Required work
Copy every line from the data below in which the string "object" can be found.

Data section
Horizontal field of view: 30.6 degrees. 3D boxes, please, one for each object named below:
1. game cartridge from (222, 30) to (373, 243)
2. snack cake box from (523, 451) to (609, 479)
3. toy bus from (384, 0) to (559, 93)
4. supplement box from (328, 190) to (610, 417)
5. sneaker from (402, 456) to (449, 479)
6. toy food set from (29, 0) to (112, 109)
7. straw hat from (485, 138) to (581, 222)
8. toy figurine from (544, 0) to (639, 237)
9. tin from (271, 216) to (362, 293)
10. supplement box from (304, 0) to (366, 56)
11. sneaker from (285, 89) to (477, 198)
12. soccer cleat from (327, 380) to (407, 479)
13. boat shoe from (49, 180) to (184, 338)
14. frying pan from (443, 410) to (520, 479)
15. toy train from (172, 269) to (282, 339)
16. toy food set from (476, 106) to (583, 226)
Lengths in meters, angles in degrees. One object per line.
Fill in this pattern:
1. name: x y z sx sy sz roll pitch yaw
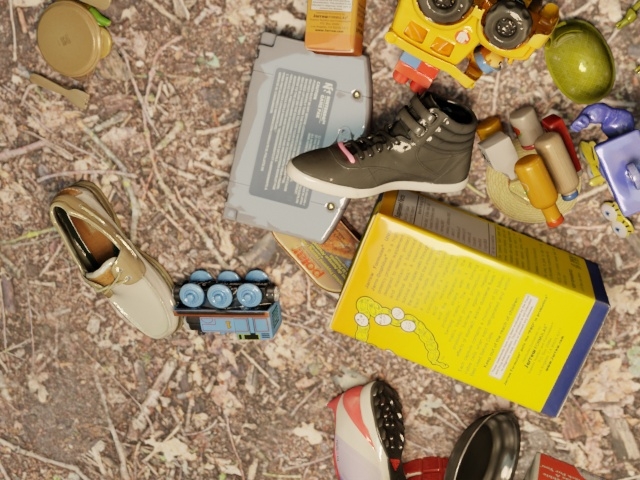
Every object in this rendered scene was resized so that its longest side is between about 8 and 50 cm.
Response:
1. game cartridge: -0.027 -0.154 1.796 0.198 0.062 0.297 14 99 5
2. snack cake box: 0.441 0.445 1.825 0.264 0.152 0.089 22 110 7
3. toy bus: 0.202 -0.295 1.680 0.220 0.149 0.211 28 124 2
4. supplement box: 0.218 0.082 1.732 0.356 0.194 0.195 22 109 1
5. sneaker: 0.159 0.441 1.948 0.221 0.087 0.128 -11 120 17
6. toy food set: -0.394 -0.322 1.872 0.132 0.038 0.192 26 116 13
7. straw hat: 0.316 -0.083 1.748 0.144 0.061 0.144 4 108 13
8. toy figurine: 0.442 -0.142 1.617 0.191 0.217 0.362 -20 101 18
9. tin: 0.000 0.000 1.866 0.106 0.040 0.190 -41 93 17
10. supplement box: 0.028 -0.388 1.697 0.080 0.078 0.233 4 95 12
11. sneaker: 0.096 -0.146 1.685 0.295 0.104 0.147 -3 129 -23
12. soccer cleat: 0.078 0.389 1.869 0.116 0.108 0.318 -21 65 34
13. boat shoe: -0.345 0.046 1.928 0.113 0.103 0.302 -36 95 21
14. frying pan: 0.279 0.393 1.885 0.053 0.326 0.197 18 67 36
15. toy train: -0.152 0.108 1.914 0.184 0.080 0.105 -1 112 14
16. toy food set: 0.306 -0.112 1.672 0.111 0.232 0.104 -30 112 -2

Answer to this task
Horizontal field of view: 30.6 degrees. 3D boxes, please, one for each object named below:
Lengths in meters, angles in degrees. One object per line.
Every object in this rendered scene was resized so that its longest side is between about 8 and 50 cm.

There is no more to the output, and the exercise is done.